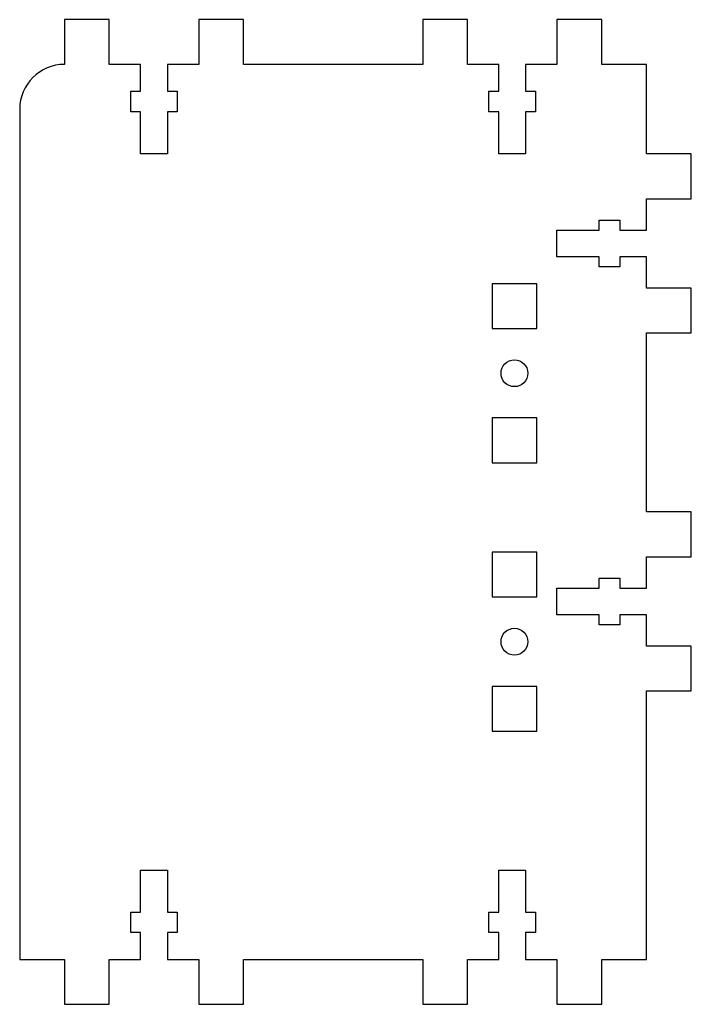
# Model space of a CAD drawing. Header units: millimetres. Extents: x -237 to -162, y -77 to 33.
import ezdxf

# ---------------------------------------------------------------- set-up
doc = ezdxf.new("R2010")
doc.units = ezdxf.units.MM

msp = doc.modelspace()

# ---------------------------------------------------------------- linework, layer by layer
at = {"color": 7, "linetype": 'Continuous', "lineweight": 25}
for p, q in [((-226.8, 32.53), (-231.8, 32.53)), ((-231.8, 32.53), (-231.8, 27.53)), ((-226.8, 27.53), (-226.8, 32.53)), ((-216.8, 32.53), (-216.8, 27.53)), ((-211.8, 32.53), (-216.8, 32.53)), ((-211.8, 27.53), (-211.8, 32.53)), ((-191.8, 32.53), (-191.8, 27.53)), ((-186.8, 32.53), (-191.8, 32.53)), ((-186.8, 27.53), (-186.8, 32.53)), ((-176.8, 32.53), (-176.8, 27.53)), ((-171.8, 32.53), (-176.8, 32.53)), ((-171.8, 27.53), (-171.8, 32.53)), ((-223.3, 27.53), (-226.8, 27.53)), ((-223.3, 24.53), (-223.3, 27.53)), ((-220.3, 27.53), (-220.3, 24.53)), ((-216.8, 27.53), (-220.3, 27.53)), ((-191.8, 27.53), (-211.8, 27.53)), ((-183.3, 27.53), (-186.8, 27.53)), ((-183.3, 24.53), (-183.3, 27.53)), ((-180.3, 27.53), (-180.3, 24.53)), ((-176.8, 27.53), (-180.3, 27.53)), ((-166.8, 27.53), (-171.8, 27.53)), ((-166.8, 17.53), (-166.8, 27.53)), ((-224.4, 24.53), (-223.3, 24.53)), ((-224.4, 22.23), (-224.4, 24.53)), ((-220.3, 24.53), (-219.2, 24.53)), ((-219.2, 24.53), (-219.2, 22.23)), ((-184.4, 24.53), (-183.3, 24.53)), ((-184.4, 22.23), (-184.4, 24.53)), ((-180.3, 24.53), (-179.2, 24.53)), ((-179.2, 24.53), (-179.2, 22.23)), ((-236.8, 22.53), (-236.8, -72.47)), ((-223.3, 22.23), (-224.4, 22.23)), ((-223.3, 17.53), (-223.3, 22.23)), ((-220.3, 22.23), (-220.3, 17.53)), ((-219.2, 22.23), (-220.3, 22.23)), ((-183.3, 22.23), (-184.4, 22.23)), ((-183.3, 17.53), (-183.3, 22.23)), ((-180.3, 22.23), (-180.3, 17.53)), ((-179.2, 22.23), (-180.3, 22.23)), ((-220.3, 17.53), (-223.3, 17.53)), ((-180.3, 17.53), (-183.3, 17.53)), ((-161.8, 17.53), (-166.8, 17.53)), ((-161.8, 12.53), (-161.8, 17.53)), ((-166.8, 12.53), (-161.8, 12.53)), ((-166.8, 9.03), (-166.8, 12.53)), ((-172.1, 10.13), (-169.8, 10.13)), ((-172.1, 9.03), (-172.1, 10.13)), ((-169.8, 10.13), (-169.8, 9.03)), ((-176.8, 9.03), (-172.1, 9.03)), ((-176.8, 6.03), (-176.8, 9.03)), ((-169.8, 9.03), (-166.8, 9.03)), ((-172.1, 6.03), (-176.8, 6.03)), ((-172.1, 4.93), (-172.1, 6.03)), ((-169.8, 6.03), (-169.8, 4.93)), ((-166.8, 6.03), (-169.8, 6.03)), ((-166.8, 2.53), (-166.8, 6.03)), ((-169.8, 4.93), (-172.1, 4.93)), ((-179.05, 3.03), (-184.05, 3.03)), ((-184.05, 3.03), (-184.05, -1.97)), ((-179.05, -1.97), (-179.05, 3.03)), ((-161.8, 2.53), (-166.8, 2.53)), ((-161.8, -2.47), (-161.8, 2.53)), ((-184.05, -1.97), (-179.05, -1.97)), ((-166.8, -2.47), (-161.8, -2.47)), ((-166.8, -22.47), (-166.8, -2.47)), ((-184.05, -11.97), (-184.05, -16.97)), ((-179.05, -11.97), (-184.05, -11.97)), ((-179.05, -16.97), (-179.05, -11.97)), ((-184.05, -16.97), (-179.05, -16.97)), ((-161.8, -22.47), (-166.8, -22.47)), ((-161.8, -27.47), (-161.8, -22.47)), ((-179.05, -26.97), (-184.05, -26.97)), ((-184.05, -26.97), (-184.05, -31.97)), ((-179.05, -31.97), (-179.05, -26.97)), ((-166.8, -27.47), (-161.8, -27.47)), ((-166.8, -30.97), (-166.8, -27.47)), ((-172.1, -29.87), (-169.8, -29.87)), ((-172.1, -30.97), (-172.1, -29.87)), ((-169.8, -29.87), (-169.8, -30.97)), ((-176.8, -30.97), (-172.1, -30.97)), ((-176.8, -33.97), (-176.8, -30.97)), ((-169.8, -30.97), (-166.8, -30.97)), ((-184.05, -31.97), (-179.05, -31.97)), ((-172.1, -33.97), (-176.8, -33.97)), ((-172.1, -35.07), (-172.1, -33.97)), ((-169.8, -33.97), (-169.8, -35.07)), ((-166.8, -33.97), (-169.8, -33.97)), ((-166.8, -37.47), (-166.8, -33.97)), ((-169.8, -35.07), (-172.1, -35.07)), ((-161.8, -37.47), (-166.8, -37.47)), ((-161.8, -42.47), (-161.8, -37.47)), ((-184.05, -41.97), (-184.05, -46.97)), ((-179.05, -41.97), (-184.05, -41.97)), ((-179.05, -46.97), (-179.05, -41.97)), ((-166.8, -42.47), (-161.8, -42.47)), ((-166.8, -72.47), (-166.8, -42.47)), ((-184.05, -46.97), (-179.05, -46.97)), ((-223.3, -62.47), (-220.3, -62.47)), ((-223.3, -67.17), (-223.3, -62.47)), ((-220.3, -62.47), (-220.3, -67.17)), ((-183.3, -62.47), (-180.3, -62.47)), ((-183.3, -67.17), (-183.3, -62.47)), ((-180.3, -62.47), (-180.3, -67.17)), ((-224.4, -67.17), (-223.3, -67.17)), ((-224.4, -69.47), (-224.4, -67.17)), ((-220.3, -67.17), (-219.2, -67.17)), ((-219.2, -67.17), (-219.2, -69.47)), ((-184.4, -67.17), (-183.3, -67.17)), ((-184.4, -69.47), (-184.4, -67.17)), ((-180.3, -67.17), (-179.2, -67.17)), ((-179.2, -67.17), (-179.2, -69.47)), ((-223.3, -69.47), (-224.4, -69.47)), ((-223.3, -72.47), (-223.3, -69.47)), ((-220.3, -69.47), (-220.3, -72.47)), ((-219.2, -69.47), (-220.3, -69.47)), ((-183.3, -69.47), (-184.4, -69.47)), ((-183.3, -72.47), (-183.3, -69.47)), ((-180.3, -69.47), (-180.3, -72.47)), ((-179.2, -69.47), (-180.3, -69.47)), ((-236.8, -72.47), (-231.8, -72.47)), ((-231.8, -72.47), (-231.8, -77.47)), ((-226.8, -72.47), (-223.3, -72.47)), ((-226.8, -77.47), (-226.8, -72.47)), ((-220.3, -72.47), (-216.8, -72.47)), ((-216.8, -72.47), (-216.8, -77.47)), ((-211.8, -72.47), (-191.8, -72.47)), ((-211.8, -77.47), (-211.8, -72.47)), ((-191.8, -72.47), (-191.8, -77.47)), ((-186.8, -72.47), (-183.3, -72.47)), ((-186.8, -77.47), (-186.8, -72.47)), ((-180.3, -72.47), (-176.8, -72.47)), ((-176.8, -72.47), (-176.8, -77.47)), ((-171.8, -72.47), (-166.8, -72.47)), ((-171.8, -77.47), (-171.8, -72.47)), ((-231.8, -77.47), (-226.8, -77.47)), ((-216.8, -77.47), (-211.8, -77.47)), ((-191.8, -77.47), (-186.8, -77.47)), ((-176.8, -77.47), (-171.8, -77.47))]:
    msp.add_line(p, q, dxfattribs=at)
for centre in [(-181.55, -6.97), (-181.55, -36.97)]:
    msp.add_circle(centre, 1.5, dxfattribs=at)
msp.add_arc((-231.8, 22.53), 5, 90, 180, dxfattribs=at)

doc.saveas('drawing.dxf')
==============================
▶ ASSIGNMENT
Go through the entries above, and wherever a line holds the word "units", copy that line.

▶ RESPONSE
# Model space of a CAD drawing. Header units: millimetres. Extents: x -237 to -162, y -77 to 33.
doc.units = ezdxf.units.MM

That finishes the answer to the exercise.